Well, what if you have a repeated measure on a categorical variable? I haven’t done that kind of design. If I’m doing an outcome study it’s usually with something like mortality or graduation as the dependent variable and we do a one-time analysis. In the events that subjects are measured repeated times for something like health or education studies, I’d do a survival analysis looking at how long the person lived or stayed in school.

Logistic regression assumes you have independent observations, but that is not always the case. Certainly if you have measured the same person multiple times, the observations are likely to be correlated.

Correlated measures aren’t only on one person over multiple time points. It could be that you are measuring several people in the same family to see if they have a certain illness.

Although this hasn’t come up yet (and it kind of surprises me, now that I think about it), if it DOES, I can use PROC GENMOD to do a logistic regression with correlated data, as I learned in this presentation by Dachao Liu.

I mentioned this to a couple of people who were surprised I did not know this already, but honestly, it had just never come up.

I guess if you had asked me if JMP did non-linear models I would have said, “I assume so” but I wouldn’t know for sure. Now I know for sure. I had kind of forgotten that JMP does some pretty complex models. If you’d asked me if you could save your prediction formula in JMP, I would say, “I assume so,” but again, I wouldn’t have known for sure. As you can see, I don’t use JMP all that much, but it is good to know since I have the occasional client using it.

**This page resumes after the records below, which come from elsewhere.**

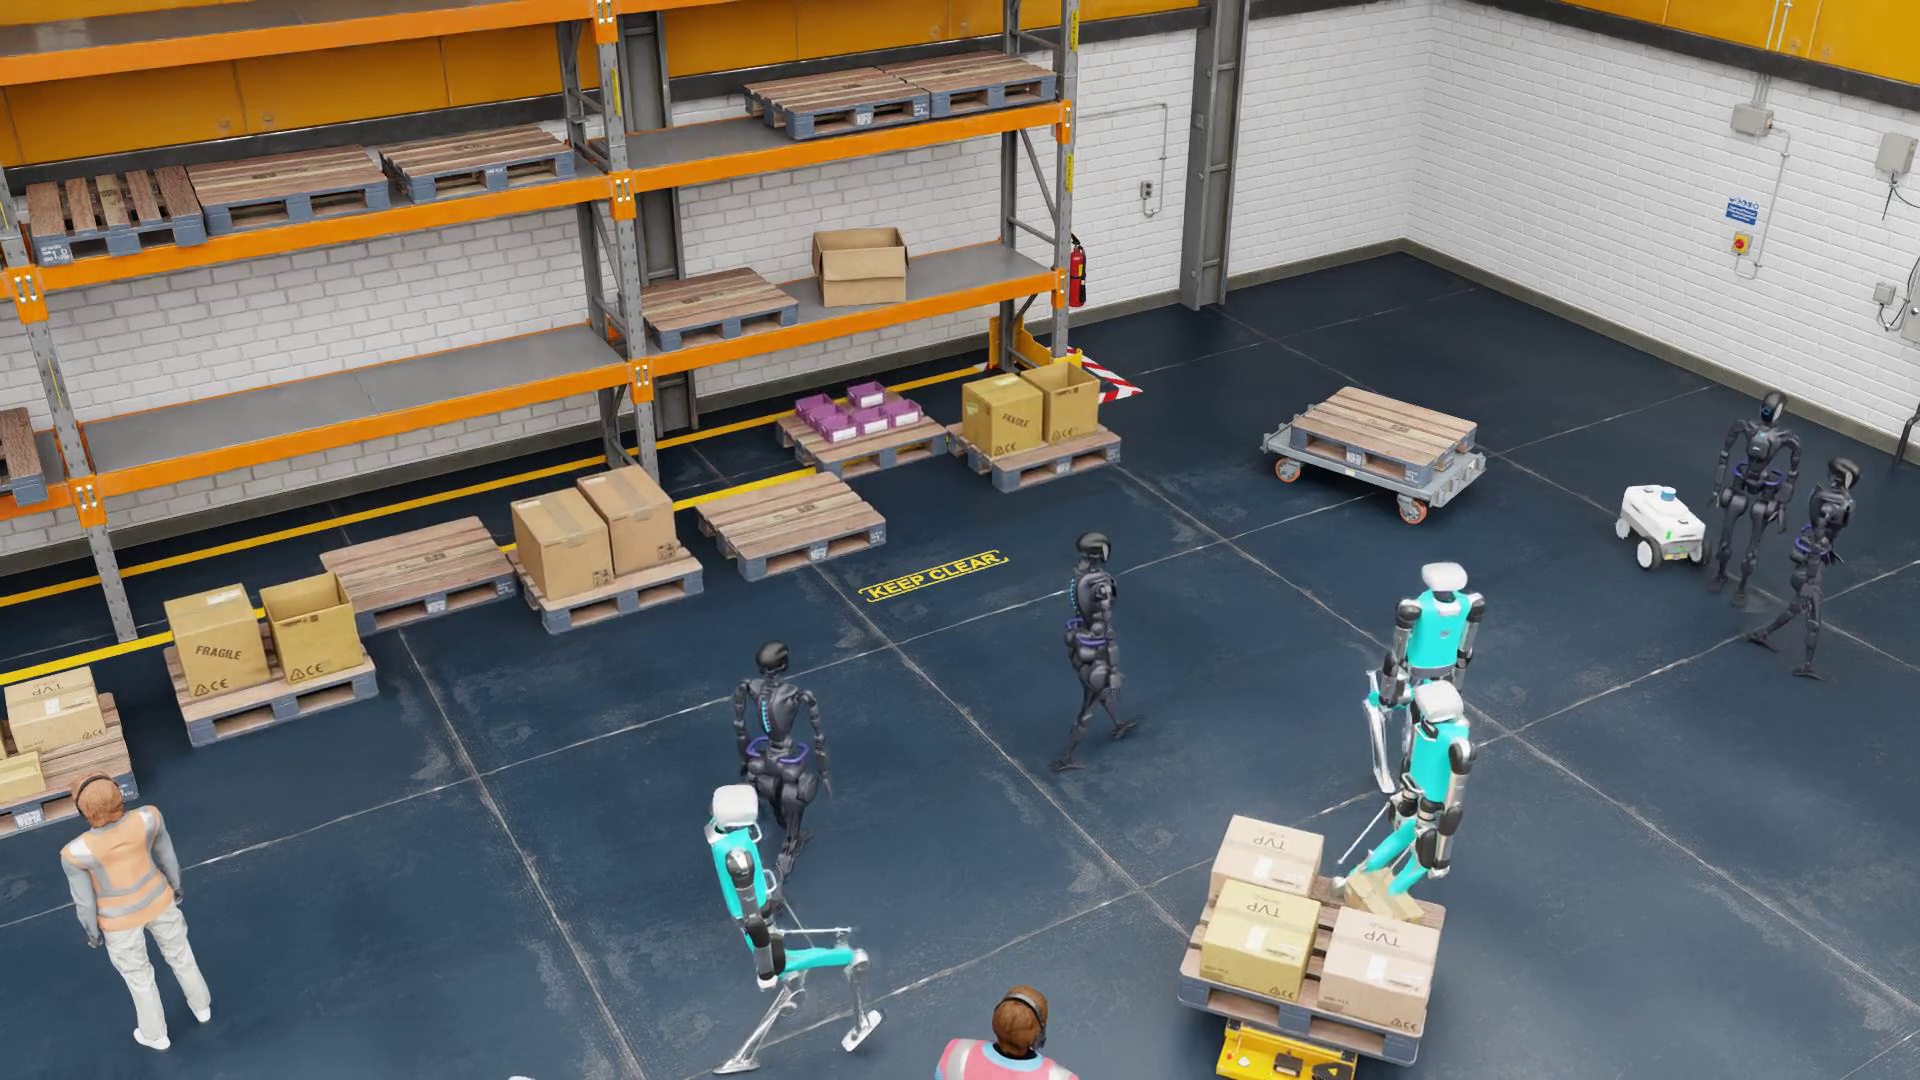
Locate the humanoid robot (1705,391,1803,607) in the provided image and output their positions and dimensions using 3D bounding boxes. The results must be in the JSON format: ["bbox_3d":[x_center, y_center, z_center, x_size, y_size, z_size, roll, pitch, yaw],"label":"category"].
[{"bbox_3d":[5.760,-0.321,12.112,0.588,1.650,0.384,23,37,35],"label":"humanoid robot"}]

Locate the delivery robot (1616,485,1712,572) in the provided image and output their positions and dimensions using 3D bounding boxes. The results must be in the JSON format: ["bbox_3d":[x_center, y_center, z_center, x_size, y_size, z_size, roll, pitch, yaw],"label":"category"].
[{"bbox_3d":[5.445,-0.112,12.892,0.499,0.606,0.807,-4,30,-8],"label":"delivery robot"}]

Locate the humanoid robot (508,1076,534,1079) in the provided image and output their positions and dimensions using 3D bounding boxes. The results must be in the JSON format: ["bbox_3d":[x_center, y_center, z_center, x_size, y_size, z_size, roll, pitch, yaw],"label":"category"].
[{"bbox_3d":[-1.658,2.978,6.311,0.547,1.875,0.818,7,30,12],"label":"humanoid robot"}]

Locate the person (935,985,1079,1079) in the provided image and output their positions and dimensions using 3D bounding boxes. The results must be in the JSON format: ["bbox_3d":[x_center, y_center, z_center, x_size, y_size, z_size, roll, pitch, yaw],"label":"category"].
[{"bbox_3d":[0.215,2.565,6.853,0.628,1.835,0.431,11,31,18],"label":"person"}]

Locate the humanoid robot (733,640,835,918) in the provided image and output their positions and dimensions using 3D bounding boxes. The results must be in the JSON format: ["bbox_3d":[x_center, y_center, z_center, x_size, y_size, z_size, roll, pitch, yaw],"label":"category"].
[{"bbox_3d":[-1.010,1.279,9.326,0.603,1.630,0.784,11,31,18],"label":"humanoid robot"}]

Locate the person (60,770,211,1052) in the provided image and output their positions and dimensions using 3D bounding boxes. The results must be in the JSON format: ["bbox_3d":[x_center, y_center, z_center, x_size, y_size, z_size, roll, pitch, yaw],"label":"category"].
[{"bbox_3d":[-4.115,1.851,8.301,0.311,1.639,0.516,22,36,33],"label":"person"}]

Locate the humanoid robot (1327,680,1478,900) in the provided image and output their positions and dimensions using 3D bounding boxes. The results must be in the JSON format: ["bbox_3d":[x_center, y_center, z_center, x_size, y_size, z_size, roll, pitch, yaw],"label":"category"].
[{"bbox_3d":[2.166,1.587,8.730,0.881,1.824,0.548,-7,30,-11],"label":"humanoid robot"}]

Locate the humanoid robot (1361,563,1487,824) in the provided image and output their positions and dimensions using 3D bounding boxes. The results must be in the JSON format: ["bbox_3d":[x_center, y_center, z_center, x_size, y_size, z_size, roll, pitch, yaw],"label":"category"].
[{"bbox_3d":[2.706,0.831,10.020,0.537,1.789,0.779,-5,30,-9],"label":"humanoid robot"}]

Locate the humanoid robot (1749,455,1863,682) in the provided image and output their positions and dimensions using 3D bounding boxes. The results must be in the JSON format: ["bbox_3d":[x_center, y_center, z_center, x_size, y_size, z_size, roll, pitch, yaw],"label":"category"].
[{"bbox_3d":[5.851,0.142,11.325,0.608,1.643,0.621,20,35,32],"label":"humanoid robot"}]

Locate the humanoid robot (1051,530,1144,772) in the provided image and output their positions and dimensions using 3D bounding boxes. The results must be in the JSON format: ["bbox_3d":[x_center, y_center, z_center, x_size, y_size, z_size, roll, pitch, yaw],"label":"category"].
[{"bbox_3d":[0.903,0.683,10.359,0.717,1.625,0.601,-9,31,-15],"label":"humanoid robot"}]

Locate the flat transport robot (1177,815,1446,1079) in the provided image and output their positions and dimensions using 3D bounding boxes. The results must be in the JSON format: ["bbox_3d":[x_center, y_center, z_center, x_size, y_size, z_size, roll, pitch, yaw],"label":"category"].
[{"bbox_3d":[1.850,2.358,8.801,0.659,0.231,1.431,11,31,19],"label":"flat transport robot"}]

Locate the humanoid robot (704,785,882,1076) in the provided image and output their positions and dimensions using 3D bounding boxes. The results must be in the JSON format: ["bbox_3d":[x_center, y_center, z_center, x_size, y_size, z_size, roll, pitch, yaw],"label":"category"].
[{"bbox_3d":[-0.732,1.903,8.175,1.037,1.783,0.535,-9,31,-16],"label":"humanoid robot"}]
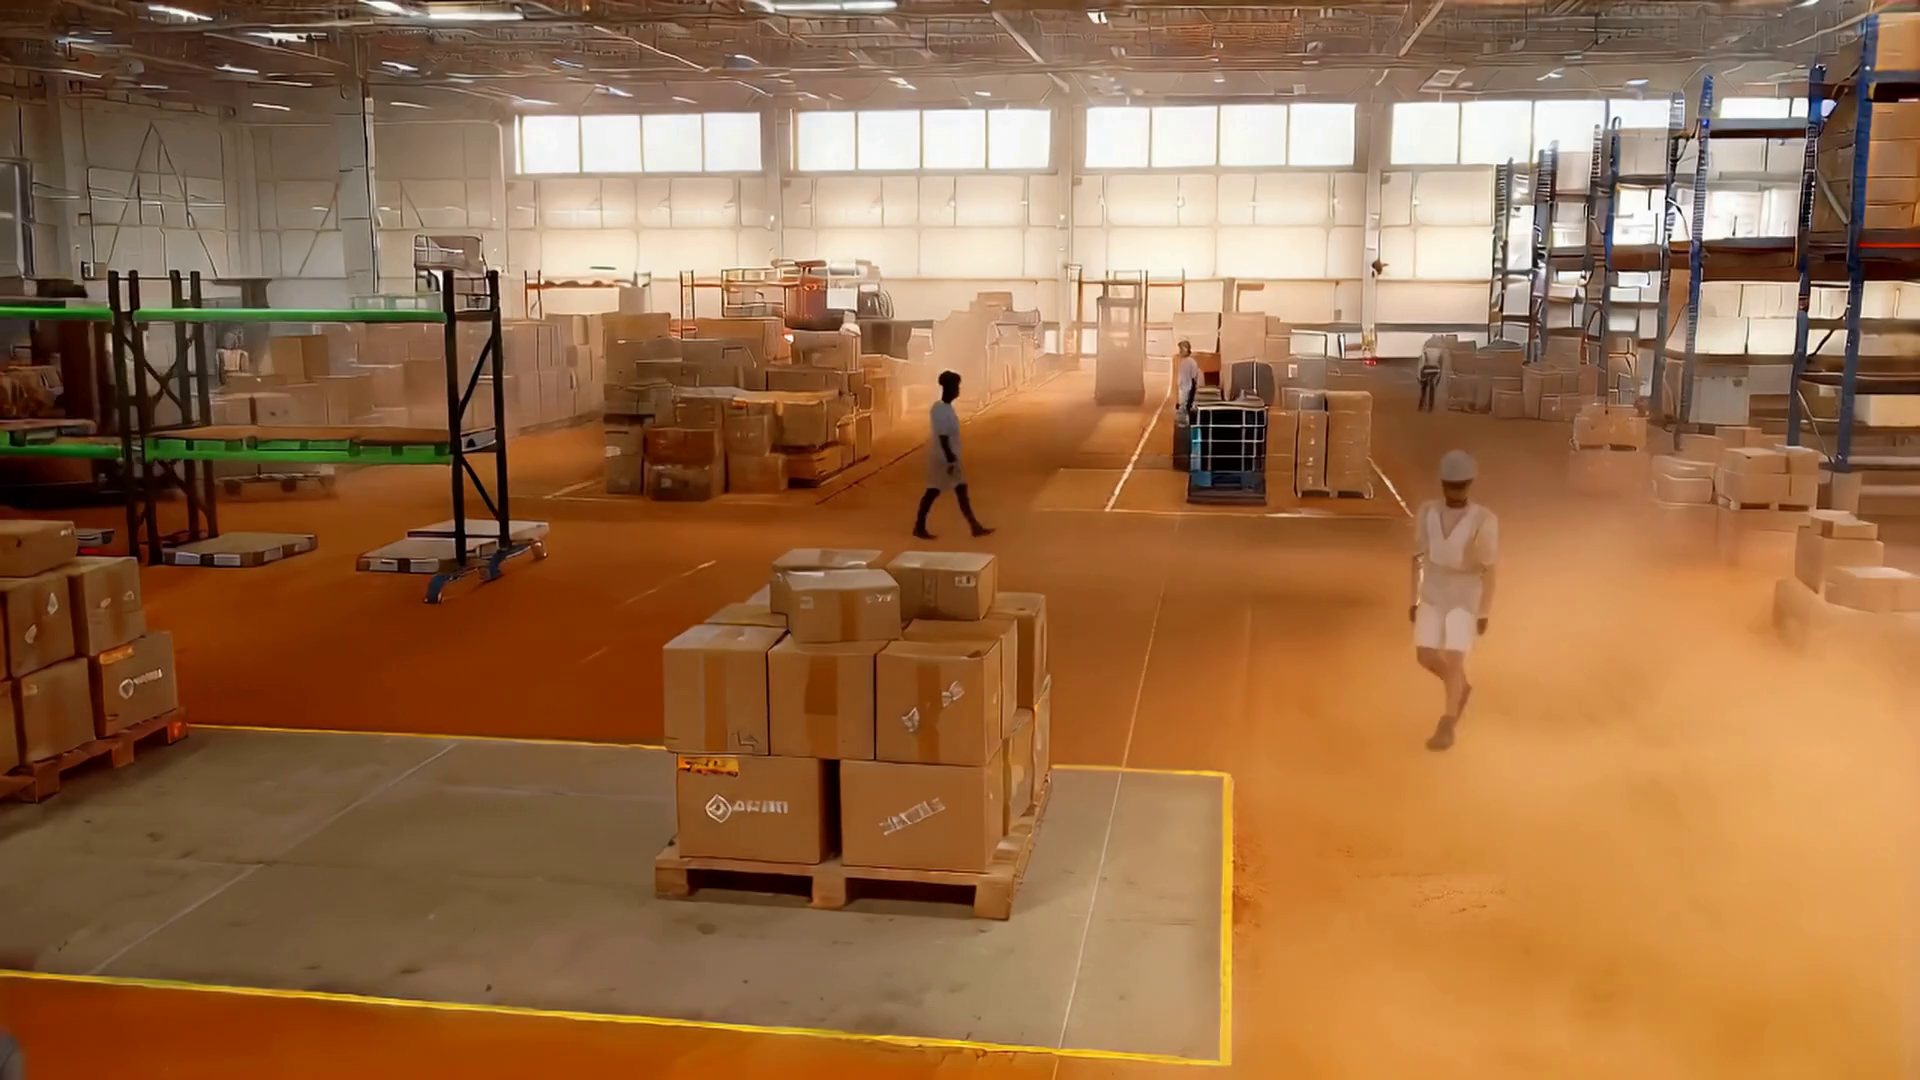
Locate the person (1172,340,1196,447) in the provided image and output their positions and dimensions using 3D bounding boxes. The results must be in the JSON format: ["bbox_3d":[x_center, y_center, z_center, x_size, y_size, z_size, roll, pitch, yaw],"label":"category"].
[{"bbox_3d":[3.834,-2.472,28.288,0.323,1.865,0.518,-3,10,-15],"label":"person"}]

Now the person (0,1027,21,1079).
[{"bbox_3d":[-2.273,1.550,3.861,0.556,1.726,0.839,4,10,21],"label":"person"}]

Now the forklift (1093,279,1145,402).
[{"bbox_3d":[3.745,-4.687,38.824,1.129,2.768,1.873,1,9,8],"label":"forklift"}]

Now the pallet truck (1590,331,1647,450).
[{"bbox_3d":[11.253,-2.573,28.499,0.823,1.965,1.885,5,10,27],"label":"pallet truck"}]

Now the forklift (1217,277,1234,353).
[{"bbox_3d":[7.762,-6.236,48.372,1.873,2.768,1.129,1,9,9],"label":"forklift"}]

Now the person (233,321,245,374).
[{"bbox_3d":[-19.974,-5.260,46.201,0.517,1.635,0.312,5,10,27],"label":"person"}]

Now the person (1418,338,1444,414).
[{"bbox_3d":[10.029,-3.500,35.452,0.524,1.585,0.885,1,9,8],"label":"person"}]

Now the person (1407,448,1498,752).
[{"bbox_3d":[3.161,0.361,10.620,0.561,1.925,0.599,8,12,42],"label":"person"}]

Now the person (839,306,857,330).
[{"bbox_3d":[-3.467,-6.245,51.363,0.631,1.931,0.366,-8,12,-41],"label":"person"}]

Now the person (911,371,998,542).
[{"bbox_3d":[-0.098,-0.909,18.495,0.969,1.918,0.614,3,10,18],"label":"person"}]

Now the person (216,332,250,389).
[{"bbox_3d":[-13.677,-2.966,31.312,0.573,1.870,0.434,-3,10,-16],"label":"person"}]

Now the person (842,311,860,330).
[{"bbox_3d":[-2.971,-5.228,45.108,0.542,1.928,0.399,-6,11,-35],"label":"person"}]

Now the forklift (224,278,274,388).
[{"bbox_3d":[-18.005,-5.350,42.912,1.873,2.768,1.129,-3,10,-17],"label":"forklift"}]

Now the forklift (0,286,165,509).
[{"bbox_3d":[-11.455,-1.889,21.565,1.873,2.768,1.129,-4,10,-25],"label":"forklift"}]

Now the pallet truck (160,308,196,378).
[{"bbox_3d":[-21.869,-5.598,47.154,0.823,1.965,1.885,4,10,26],"label":"pallet truck"}]

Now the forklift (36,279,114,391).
[{"bbox_3d":[-21.241,-4.763,39.288,1.873,2.768,1.129,1,9,9],"label":"forklift"}]

You can learn everything you want to know about non-linear models with JMP from Don McCormack’s paper

Even though I won’t be using JMP for this next project, the presentation by McCormack got me to thinking about saving equations and gave me some really good ideas about running the analyses nightly against the larger database to create the equation and then applying it on the fly when users access our application.

So, in short, at SAS Global Forum, I learned some things I didn’t know, was confirmed on some things I was pretty sure I knew and remembered to use some things I already knew.

Was it worth spending four days in Orlando?

Since after thirty years I am still learning, yes. Yes, it was.